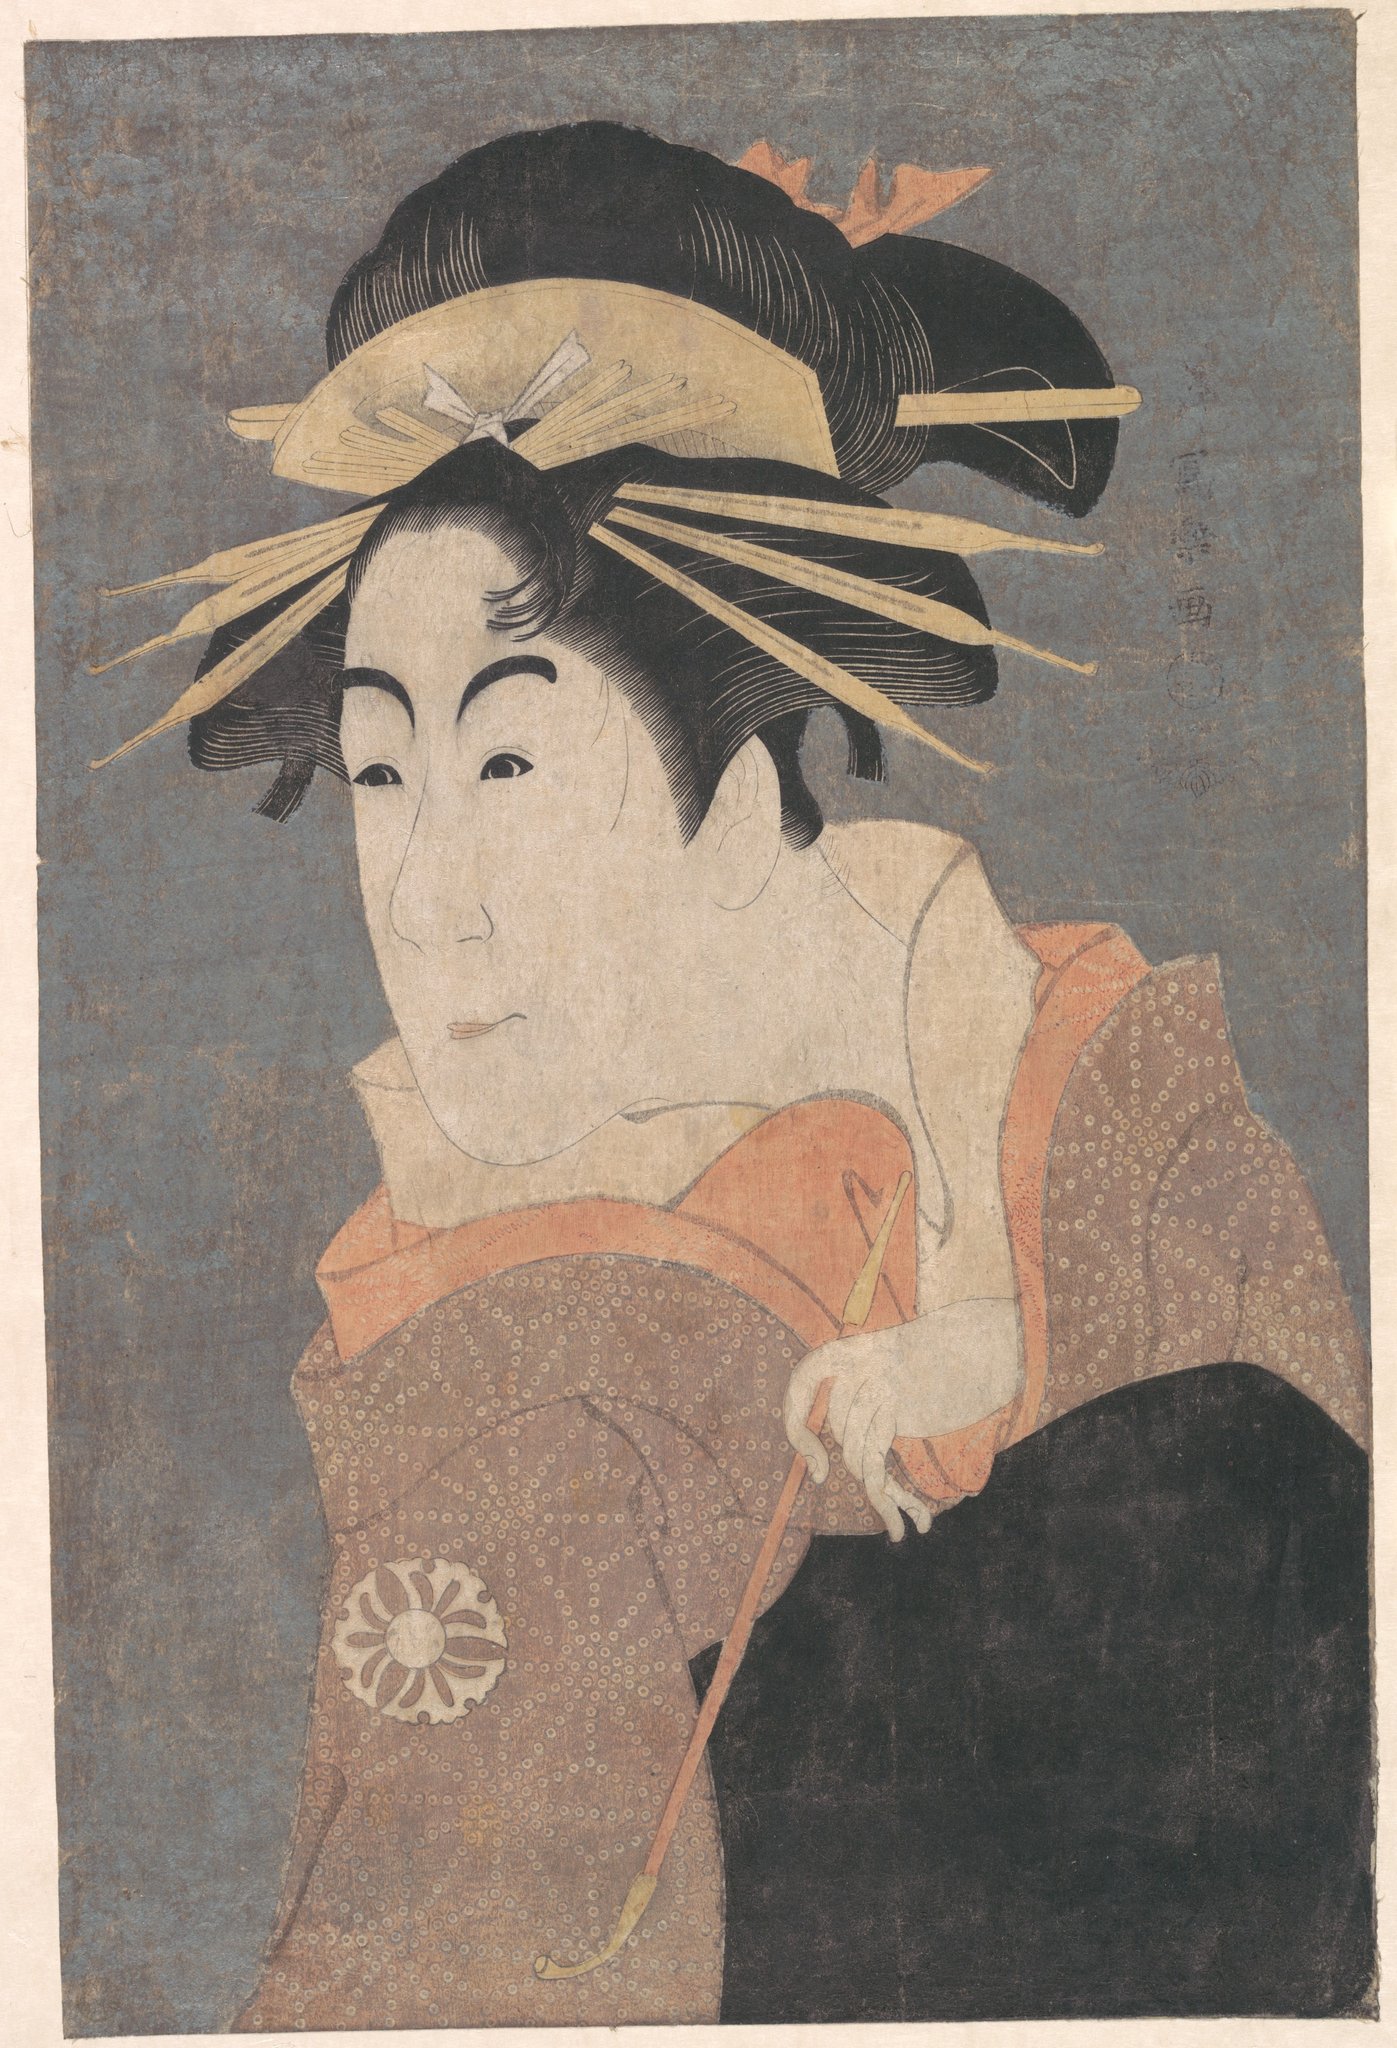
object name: print
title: Matsumoto Yonesaburo as Kewaizaka no Shosho in the Play "Katakiuchi Noriyaibanashi"
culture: japanese
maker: tōshūsai sharaku
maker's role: artist
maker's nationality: japanese
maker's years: 1794-1795
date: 1794
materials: ink, paper
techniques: woodblock print
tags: men,women,actors

+ + +

--- TO DO ---
From the line containing "title: Matsumoto Yonesaburo" to the last line of the records above, please write out every line exactly and add nothing.

--- SOLUTION FOR THIS EXERCISE ---
title: Matsumoto Yonesaburo as Kewaizaka no Shosho in the Play "Katakiuchi Noriyaibanashi"
culture: japanese
maker: tōshūsai sharaku
maker's role: artist
maker's nationality: japanese
maker's years: 1794-1795
date: 1794
materials: ink, paper
techniques: woodblock print
tags: men,women,actors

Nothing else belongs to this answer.